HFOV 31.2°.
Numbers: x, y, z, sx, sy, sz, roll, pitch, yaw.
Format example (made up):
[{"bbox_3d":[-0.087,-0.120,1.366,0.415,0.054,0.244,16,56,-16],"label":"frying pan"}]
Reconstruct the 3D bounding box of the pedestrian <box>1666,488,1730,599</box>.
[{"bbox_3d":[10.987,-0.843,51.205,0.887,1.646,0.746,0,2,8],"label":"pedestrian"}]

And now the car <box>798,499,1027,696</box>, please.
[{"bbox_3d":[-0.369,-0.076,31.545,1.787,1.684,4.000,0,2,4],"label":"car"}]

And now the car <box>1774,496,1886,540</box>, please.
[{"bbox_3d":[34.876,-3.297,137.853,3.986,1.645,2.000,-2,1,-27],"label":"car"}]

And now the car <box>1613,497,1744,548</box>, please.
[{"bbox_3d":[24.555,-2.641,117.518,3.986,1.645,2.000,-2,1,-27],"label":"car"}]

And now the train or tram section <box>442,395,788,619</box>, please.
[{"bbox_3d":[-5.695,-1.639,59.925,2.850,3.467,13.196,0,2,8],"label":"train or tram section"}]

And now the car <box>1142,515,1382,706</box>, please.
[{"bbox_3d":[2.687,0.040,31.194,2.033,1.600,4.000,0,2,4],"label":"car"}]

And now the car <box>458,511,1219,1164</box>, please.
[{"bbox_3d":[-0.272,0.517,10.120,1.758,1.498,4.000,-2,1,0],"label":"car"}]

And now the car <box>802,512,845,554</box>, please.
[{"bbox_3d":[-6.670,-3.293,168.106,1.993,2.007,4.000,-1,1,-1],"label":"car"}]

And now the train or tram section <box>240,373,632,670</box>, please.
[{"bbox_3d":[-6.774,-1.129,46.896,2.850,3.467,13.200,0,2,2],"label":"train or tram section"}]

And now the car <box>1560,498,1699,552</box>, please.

> [YOUR TASK]
Please repeat the data above verbatim, all of it.

> [ANSWER TO THIS PROBLEM]
HFOV 31.2°.
Numbers: x, y, z, sx, sy, sz, roll, pitch, yaw.
Format example (made up):
[{"bbox_3d":[-0.087,-0.120,1.366,0.415,0.054,0.244,16,56,-16],"label":"frying pan"}]
Reconstruct the 3D bounding box of the pedestrian <box>1666,488,1730,599</box>.
[{"bbox_3d":[10.987,-0.843,51.205,0.887,1.646,0.746,0,2,8],"label":"pedestrian"}]

And now the car <box>798,499,1027,696</box>, please.
[{"bbox_3d":[-0.369,-0.076,31.545,1.787,1.684,4.000,0,2,4],"label":"car"}]

And now the car <box>1774,496,1886,540</box>, please.
[{"bbox_3d":[34.876,-3.297,137.853,3.986,1.645,2.000,-2,1,-27],"label":"car"}]

And now the car <box>1613,497,1744,548</box>, please.
[{"bbox_3d":[24.555,-2.641,117.518,3.986,1.645,2.000,-2,1,-27],"label":"car"}]

And now the train or tram section <box>442,395,788,619</box>, please.
[{"bbox_3d":[-5.695,-1.639,59.925,2.850,3.467,13.196,0,2,8],"label":"train or tram section"}]

And now the car <box>1142,515,1382,706</box>, please.
[{"bbox_3d":[2.687,0.040,31.194,2.033,1.600,4.000,0,2,4],"label":"car"}]

And now the car <box>458,511,1219,1164</box>, please.
[{"bbox_3d":[-0.272,0.517,10.120,1.758,1.498,4.000,-2,1,0],"label":"car"}]

And now the car <box>802,512,845,554</box>, please.
[{"bbox_3d":[-6.670,-3.293,168.106,1.993,2.007,4.000,-1,1,-1],"label":"car"}]

And now the train or tram section <box>240,373,632,670</box>, please.
[{"bbox_3d":[-6.774,-1.129,46.896,2.850,3.467,13.200,0,2,2],"label":"train or tram section"}]

And now the car <box>1560,498,1699,552</box>, please.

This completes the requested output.